Experimental comparison

Home

Technology peripherals

The latest from Oxford University! Mickey: 2D image matching in 3D SOTA! (CVPR\'24)

WBOYWBOYWBOYWBOYWBOYWBOYWBOYWBOYWBOYWBOYWBOYWBOYWB

Apr 23, 2024 pm 01:20 PM

git 3d Model

Write in front

Project link: https://nianticlabs.github.io/mickey/

Given two pictures, you can pass Correspondences between images are established to estimate camera poses between them. Typically, these correspondences are 2D to 2D, and our estimated poses are scale-indeterminate. Some applications, such as instant augmented reality anytime, anywhere, require pose estimation of scale metrics, so they rely on external depth estimators to recover scale.

This article proposes MicKey, a key point matching process that can predict metric correspondences in three-dimensional camera space. By learning 3D coordinate matching across images, we are able to infer metric relative pose without depth testing. There is also no need for depth testing, scene reconstruction or image overlap information during training. MicKey is supervised only by image pairs and their relative poses. MicKey achieves state-of-the-art performance on map-free relocalization benchmarks while requiring less supervision than other competing methods.

$The latest from Oxford University! Mickey: 2D image matching in 3D SOTA! (CVPR\24)$

"Metric Keypoints (MicKey) is a feature detection process that solves two problems. First, MicKey regresses keypoint locations in camera space, which allows The matching establishes the metric correspondence. From the metric correspondence, the metric relative pose can be recovered, as shown in Figure 1. Secondly, by using differentiable pose optimization for end-to-end training, MicKey only requires image pairs and their true relative poses. Supervision is required. MicKey learns the correct depth of keypoints implicitly during training, and our training process is robust to image pairs with unknown visual overlap. , therefore, information obtained through SFM (such as image overlap) is not needed. This weak supervision makes MicKey very accessible and attractive because training it on new domains does not require any additional information except pose.

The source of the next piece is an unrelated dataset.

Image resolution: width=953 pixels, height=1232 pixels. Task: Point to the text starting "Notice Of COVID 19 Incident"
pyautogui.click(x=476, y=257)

In the map-free relocalization benchmark, MicKey ranks first, outperforming recent state-of-the-art methods. MicKey provides reliable scale-metric pose estimation even under extreme viewing angle changes supported by depth prediction specifically targeted at sparse feature matching. The deformation matching under extreme viewing angle changes supported by this accuracy makes MicKey ideal for supporting the depth estimation necessary for depth estimation matching supported by depth prediction specifically targeting sparse feature matching.

The main contributions are as follows:

MicKey is a neural network that can predict key points from a single image and describe them. Such descriptors can allow estimation of metric relative poses between images.

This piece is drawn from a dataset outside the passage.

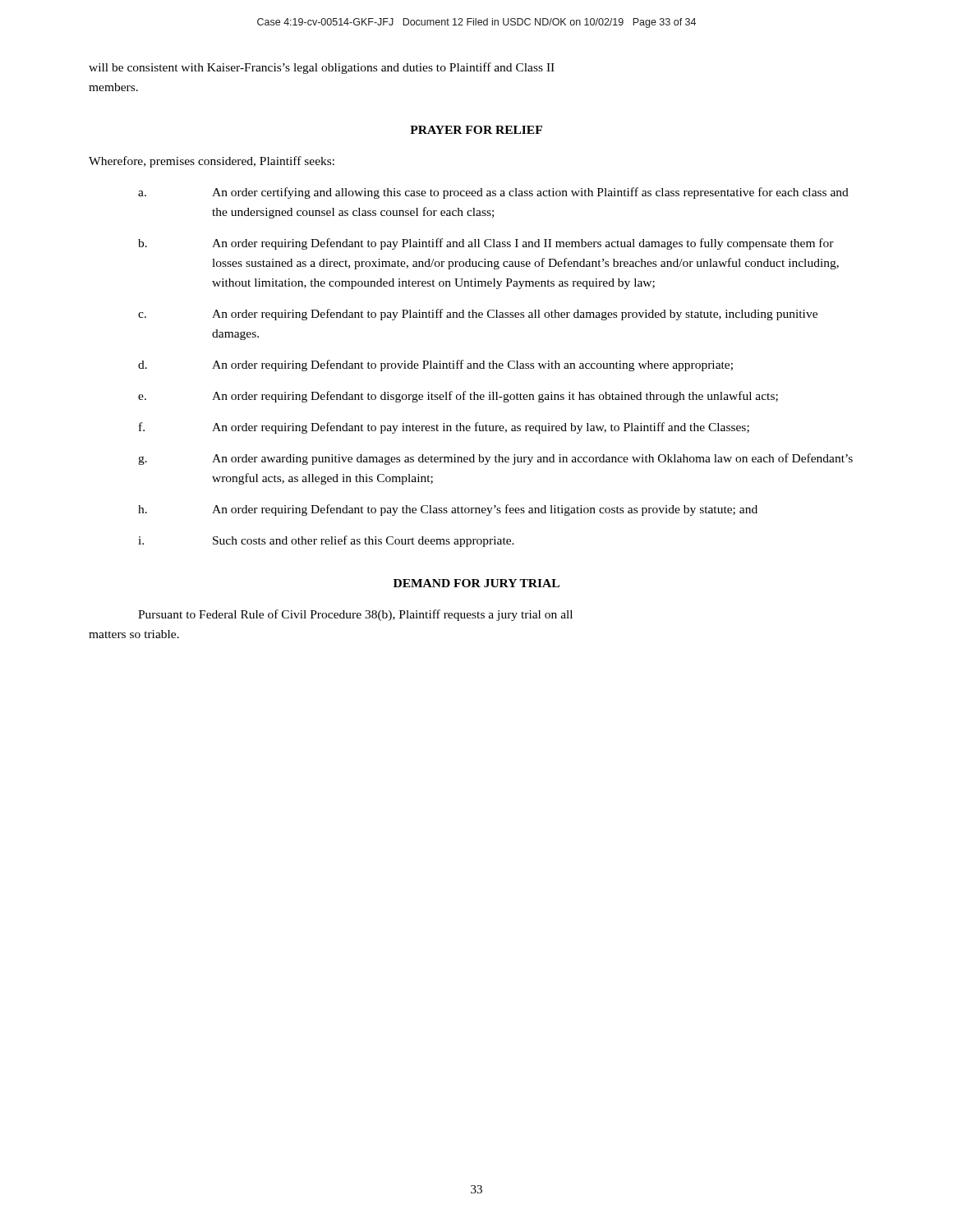Viewport: 953px width, 1232px height.
Task: Locate the block of text that opens with "will be consistent with"
Action: [x=322, y=67]

This training strategy only requires relative pose monitoring, no depth measurement, and no knowledge about image pair overlap.

MicKey introduction

MicKey predicts the three-dimensional coordinates of key points in camera space. The network also predicts keypoint selection probabilities (keypoint distribution) and descriptors that guide the probability of matching (matching distribution). Combining these two distributions, we get the probability that two key points in become corresponding points, and optimize the network to make corresponding points more likely to appear. In a differentiable RANSAC loop, multiple relative pose hypotheses are generated and their losses relative to the true transformation are calculated. Generate gradients through REINFORCE to train corresponding probabilities. Since our pose solver and loss function are differentiable, backpropagation also provides a direct signal for training 3D keypoint coordinates.

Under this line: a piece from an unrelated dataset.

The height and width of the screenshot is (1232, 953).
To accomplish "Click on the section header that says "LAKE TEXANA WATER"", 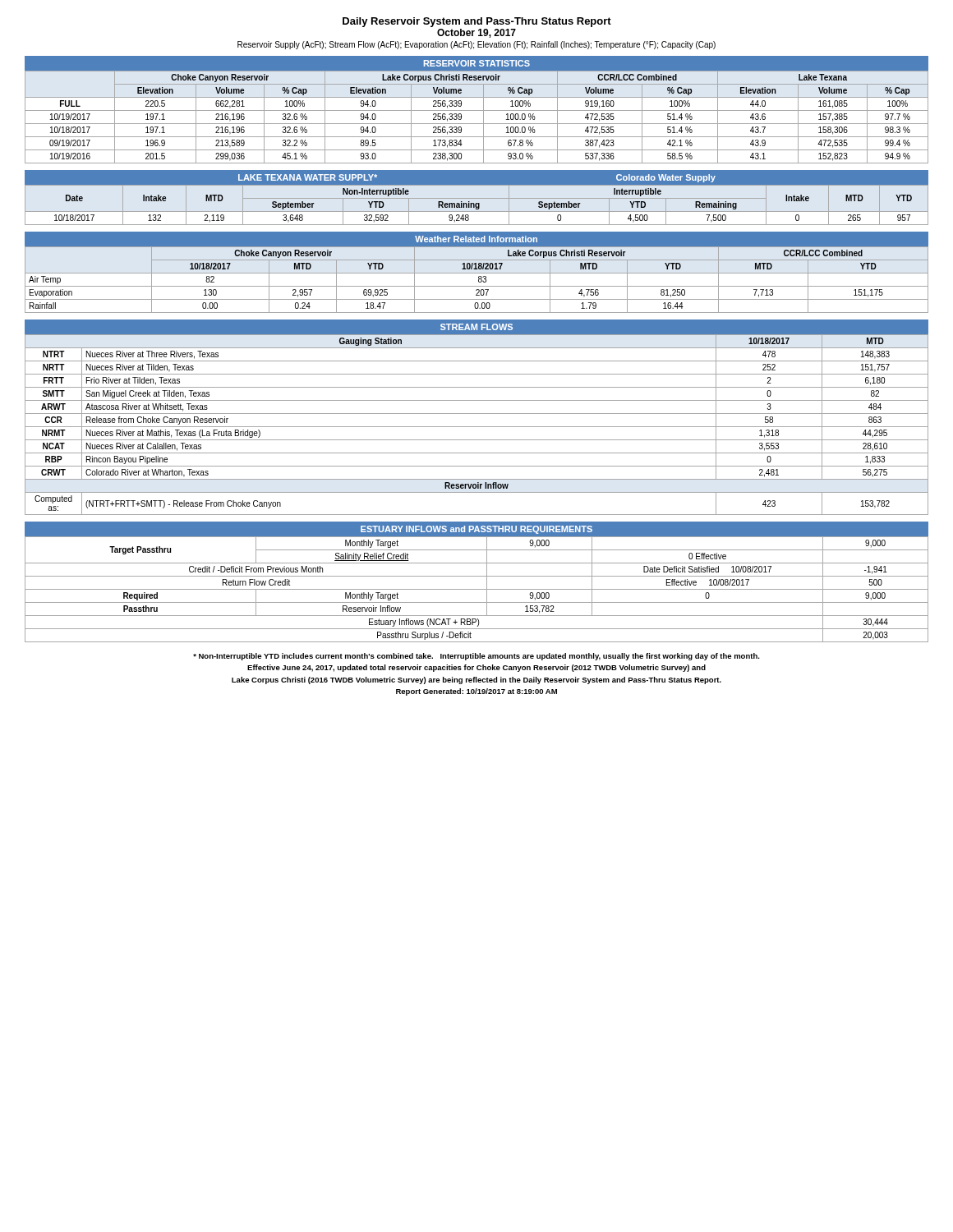I will click(476, 177).

$The latest from Oxford University! Mickey: 2D image matching in 3D SOTA! (CVPR\24)$

#1) Metric pose supervised learning

Given two images, calculate their metric relative poses, and key points Score, match probability, and pose confidence (in the form of soft inlier counts). Our goal is to train all relative pose estimation modules in an end-to-end manner. During the training process, we assume that the training data is, where is the real transformation and K/K' is the camera intrinsic parameter. The schematic diagram of the entire system is shown in Figure 2.

In order to learn the coordinates, confidence and descriptors of 3D key points, we need the system to be fully differentiable. However, since some elements in the pipeline are not differentiable, such as keypoint sampling or inlier counting, the relative pose estimation pipeline is redefined as probabilistic. This means that we treat the output of the network as the probability of a potential match, and during training the network optimizes its output to generate probabilities such that the correct match is more likely to be selected.

2) Network structure

MicKey follows a multi-head network architecture with a shared encoder that infers 3D metric keypoints as well as descriptors from the input image, As shown in Figure 3.

$The latest from Oxford University! Mickey: 2D image matching in 3D SOTA! (CVPR\24)$

Encoder. Adopt a pre-trained DINOv2 model as a feature extractor and use its features directly without further training or fine-tuning. DINOv2 divides the input image into blocks of size 14×14 and provides a feature vector for each block. The final feature map F has a resolution of (1024, w, h), where w = W/14 and h = H/14.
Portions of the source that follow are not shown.